If I worked up in the NE US, I would probably use them a whole lot more.


----------



## Stumper (Jun 23, 2003)

I worked without gaffs my entire career up until a year ago. Mostly it didn't matter BUT I'm hooked on my hooks for removals now. I look back and see how much harder some jobs were without them and can think of at least two jobs I walked away from that I would do without hesitation on gaffs. A lot depends on the trees and the area you live in-A lot of species are easier to move around in without spikes-as Treetx alluded to- other species are a royal pain to climb in and gaffs make them easy.


----------



## tjk (Jun 23, 2003)

I can definetly do removals faster and safer and more effciant with my spurs on.


----------



## Eagle1 (Jun 23, 2003)

*Spikes*

Spikes give you that extra leverage when chunking down.


----------



## TREETX (Jun 23, 2003)

My last time to check in on this biannual spike/no spikes debate here.

Not all trees are excurrent in form with a "stick". How are you going to spike an extremely decurrent live oak?

Excurrent = spikes


Decurrent = why use spikes?? It is like needing spikes for pruning.

There are places in the world where I would use them on almost every removal. Others where they would be pointless.

Guess I just don't like the attitude that all there is to a removal is chunking off blocks of spar. Just seems pretty specific to region and more a display of only having worked a few different regions/region types.
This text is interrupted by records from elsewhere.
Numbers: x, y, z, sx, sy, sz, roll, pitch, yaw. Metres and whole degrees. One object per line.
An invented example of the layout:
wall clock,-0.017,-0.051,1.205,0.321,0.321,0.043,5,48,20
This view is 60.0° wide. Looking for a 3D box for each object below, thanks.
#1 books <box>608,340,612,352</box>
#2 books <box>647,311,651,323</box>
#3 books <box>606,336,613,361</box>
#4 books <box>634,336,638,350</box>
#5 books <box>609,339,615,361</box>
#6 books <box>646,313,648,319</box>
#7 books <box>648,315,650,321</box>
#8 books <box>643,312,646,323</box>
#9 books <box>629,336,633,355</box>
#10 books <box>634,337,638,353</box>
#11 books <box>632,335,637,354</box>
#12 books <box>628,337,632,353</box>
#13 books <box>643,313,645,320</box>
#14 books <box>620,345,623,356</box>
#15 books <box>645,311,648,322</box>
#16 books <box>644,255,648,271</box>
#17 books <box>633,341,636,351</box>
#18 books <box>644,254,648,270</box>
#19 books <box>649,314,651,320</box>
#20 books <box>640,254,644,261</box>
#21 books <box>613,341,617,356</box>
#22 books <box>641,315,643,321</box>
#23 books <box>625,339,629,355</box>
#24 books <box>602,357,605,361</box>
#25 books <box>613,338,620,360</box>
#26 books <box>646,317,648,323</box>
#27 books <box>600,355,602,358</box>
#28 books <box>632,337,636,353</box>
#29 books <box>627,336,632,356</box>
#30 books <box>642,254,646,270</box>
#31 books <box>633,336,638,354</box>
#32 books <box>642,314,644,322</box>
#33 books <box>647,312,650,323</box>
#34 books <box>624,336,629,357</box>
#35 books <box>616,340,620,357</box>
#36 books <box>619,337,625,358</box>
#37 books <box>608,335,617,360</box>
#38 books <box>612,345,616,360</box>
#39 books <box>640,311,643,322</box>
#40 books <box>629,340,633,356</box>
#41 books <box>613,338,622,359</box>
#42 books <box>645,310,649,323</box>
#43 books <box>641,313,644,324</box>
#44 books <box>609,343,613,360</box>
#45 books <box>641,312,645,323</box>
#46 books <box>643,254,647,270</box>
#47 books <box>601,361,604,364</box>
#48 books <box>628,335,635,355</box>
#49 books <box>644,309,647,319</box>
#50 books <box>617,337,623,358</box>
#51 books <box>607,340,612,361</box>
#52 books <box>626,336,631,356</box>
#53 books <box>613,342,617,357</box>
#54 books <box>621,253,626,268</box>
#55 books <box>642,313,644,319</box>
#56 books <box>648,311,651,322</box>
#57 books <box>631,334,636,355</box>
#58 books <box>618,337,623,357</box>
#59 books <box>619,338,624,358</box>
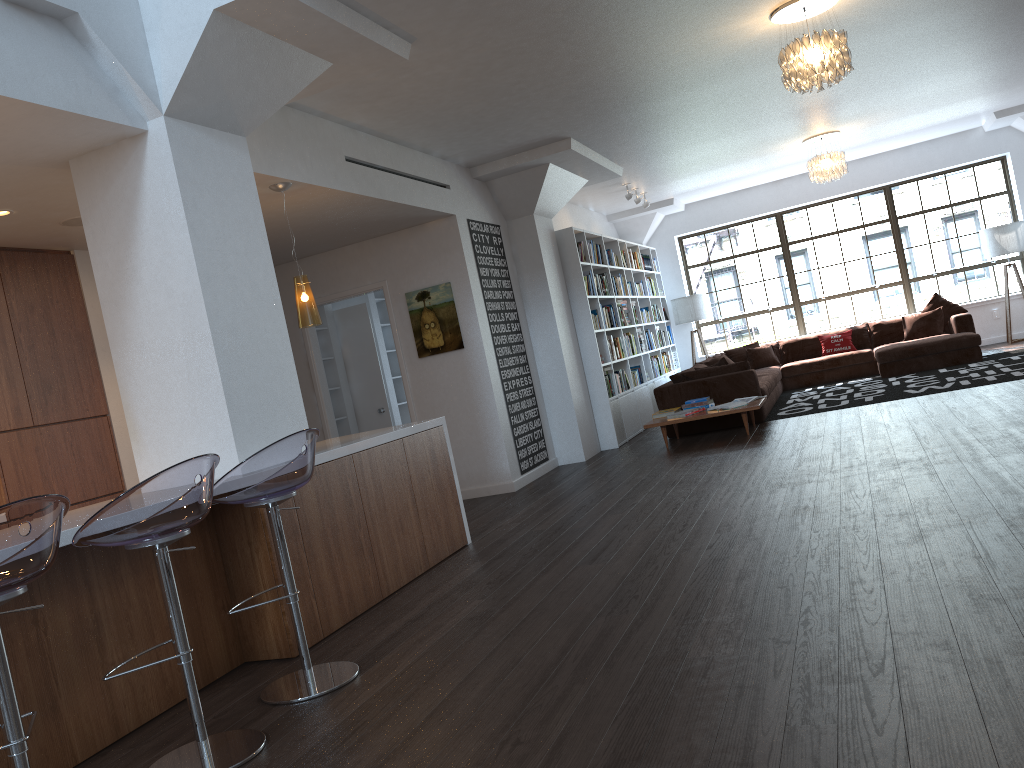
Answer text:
books,1.062,-0.368,10.164,0.159,0.241,0.038,-12,1,21
books,1.866,-0.926,12.424,0.120,0.167,0.020,-12,1,21
books,1.044,-0.392,10.072,0.140,0.298,0.044,-12,1,21
books,1.514,-0.483,11.374,0.168,0.231,0.037,-12,1,20
books,1.080,-0.376,10.206,0.171,0.246,0.057,-12,1,21
books,1.815,-0.919,12.308,0.128,0.178,0.021,-12,1,21
books,1.862,-0.918,12.405,0.110,0.153,0.018,-12,1,21
books,1.762,-0.898,12.125,0.107,0.167,0.016,-12,1,21
books,1.403,-0.458,11.069,0.174,0.240,0.045,-12,1,20
books,1.515,-0.478,11.341,0.161,0.223,0.026,-12,1,20
books,1.476,-0.484,11.275,0.183,0.253,0.034,-12,1,20
books,1.381,-0.455,10.995,0.171,0.246,0.057,-12,1,20
books,1.754,-0.893,12.102,0.106,0.162,0.030,-12,1,21
books,1.213,-0.408,10.579,0.174,0.240,0.045,-12,1,21
books,1.809,-0.917,12.287,0.128,0.178,0.022,-12,1,21
books,1.868,-1.749,12.952,0.183,0.253,0.042,-12,1,21
books,1.476,-0.468,11.245,0.161,0.223,0.027,-12,1,20
books,1.886,-1.753,12.992,0.183,0.253,0.042,-12,1,21
books,1.890,-0.932,12.469,0.107,0.167,0.017,-12,1,21
books,1.819,-1.736,12.831,0.183,0.253,0.042,-12,1,21
books,1.118,-0.384,10.361,0.174,0.240,0.045,-12,1,21
books,1.691,-0.889,11.996,0.134,0.184,0.029,-12,1,21
books,1.334,-0.430,10.842,0.161,0.223,0.026,-12,1,20
books,0.895,-0.254,9.740,0.197,0.033,0.284,-12,1,-4
books,1.156,-0.396,10.401,0.171,0.246,0.057,-12,1,21
books,1.794,-0.924,12.270,0.127,0.200,0.020,-12,1,21
books,0.885,-0.285,9.735,0.174,0.032,0.254,-12,1,16
books,1.465,-0.479,11.220,0.160,0.250,0.026,-12,1,20
books,1.367,-0.455,10.951,0.183,0.253,0.034,-12,1,20
books,1.840,-1.741,12.870,0.183,0.253,0.042,-12,1,21
books,1.491,-0.481,11.311,0.174,0.240,0.045,-12,1,20
books,1.730,-0.883,12.047,0.110,0.153,0.018,-12,1,21
books,1.857,-0.916,12.388,0.110,0.153,0.019,-12,1,21
books,1.320,-0.441,10.819,0.160,0.250,0.026,-12,1,20
books,1.169,-0.392,10.447,0.168,0.231,0.037,-12,1,21
books,1.244,-0.423,10.635,0.183,0.253,0.034,-12,1,21
books,1.102,-0.405,10.284,0.176,0.290,0.053,-12,1,21
books,1.097,-0.368,10.246,0.161,0.223,0.027,-12,1,21
books,1.689,-0.885,11.970,0.128,0.178,0.020,-12,1,21
books,1.400,-0.448,11.033,0.161,0.223,0.027,-12,1,20
books,1.182,-0.406,10.478,0.183,0.253,0.034,-12,1,21
books,1.817,-0.923,12.334,0.134,0.184,0.030,-12,1,21
books,1.717,-0.889,12.032,0.109,0.171,0.017,-12,1,21
books,1.064,-0.351,10.118,0.144,0.207,0.048,-12,1,21
books,1.739,-0.892,12.081,0.120,0.167,0.019,-12,1,21
books,1.855,-1.745,12.910,0.183,0.253,0.042,-12,1,21
books,0.902,-0.220,9.741,0.197,0.035,0.284,-12,1,11
books,1.425,-0.470,11.101,0.183,0.253,0.034,-12,1,20
books,1.784,-0.920,12.238,0.136,0.196,0.045,-12,1,21
books,1.197,-0.410,10.508,0.183,0.253,0.034,-12,1,21
books,1.016,-0.359,10.032,0.189,0.247,0.057,-12,1,21
books,1.352,-0.451,10.922,0.183,0.253,0.034,-12,1,20
books,1.124,-0.376,10.322,0.161,0.223,0.026,-12,1,21
books,1.368,-1.604,11.574,0.174,0.236,0.136,-12,1,21
books,1.735,-0.884,12.064,0.110,0.153,0.017,-12,1,21
books,1.882,-0.927,12.446,0.106,0.162,0.032,-12,1,21
books,1.446,-0.479,11.181,0.180,0.259,0.060,-12,1,20
books,1.205,-0.412,10.540,0.183,0.253,0.034,-12,1,21
books,1.232,-0.418,10.609,0.160,0.250,0.026,-12,1,21

Have a bunch of tools in yer tool box and stay diverse.

Ya'll have fun.


----------



## Grigory (Jun 23, 2003)

At us in Russia spikes is not present. Seven years remove trees without spikes. We use convenient and simple system from two lanyards. My opinion, that on spikes in some cases, would be more convenient, is faster and easier. In Russia by removal of trees earn additionally electricians. They use such "spikes" they are suitable for trees only of some diameters.


----------



## Grigory (Jun 23, 2003)

I have question: whether Conveniently to work in spikes on inclined trees?


----------



## monkeypuzzle (Jun 23, 2003)

Here is one that I think spikes or not would be tough. Would you sit to make the cuts? Making a undercut would be tough.

These pecans can be tricky trees because of the form(decurrent).
Very difficult using a flip-line, it would be somewhere near your feet. 

I am not at all saying you couldn't remove this leader without spikes,but I would like to see how it can be done efficiently.

No nubs(limbs) to use for standing. Tie in high to central leader and maybe work it from the sides.

What about all the movement rigging larger pieces, lots of shakin going on.


I say get a crane


----------



## TheTreeSpyder (Jun 23, 2003)

i've grown so used to not using spikes and habitually the strategies therof; where spikes can get in the way! Especailly in a medium, naturally well scaffolded takedown, i have no use for'em.

But for extreme large diameter vertical takedowns i use them for efficiency. Also for block and catch on the host spar, i consider them a safety factor. Or trying to race a $125/hr. crane from point to point; seeing as it is more logical to be held by a 6k device, rather than a 600k one......

Without i get around like pruning, only i can stub a branch off at any height to stand on, or even conventional knotch in spar for same. Course it is really neat if you schedule that so on the next move use that notch, alternating angles naturely to keep feet in notch out of the way, also the ground guys have more time to move stuff, to rule out 'ricochet' forces when bombing out to 2 diffrent KillZones......

Like my Bashlins with the comfy Velcrov Super Wraps. Those fancy uppers sure last a lot longer when you don't use'em!

:alien:


----------



## ramanujan (Jun 23, 2003)

In this area I get laughed at when I don't use spurs for removals, simply because they are very necessary for most of the trees here. I'd estimate 70% of the work I do is on excurrent trees.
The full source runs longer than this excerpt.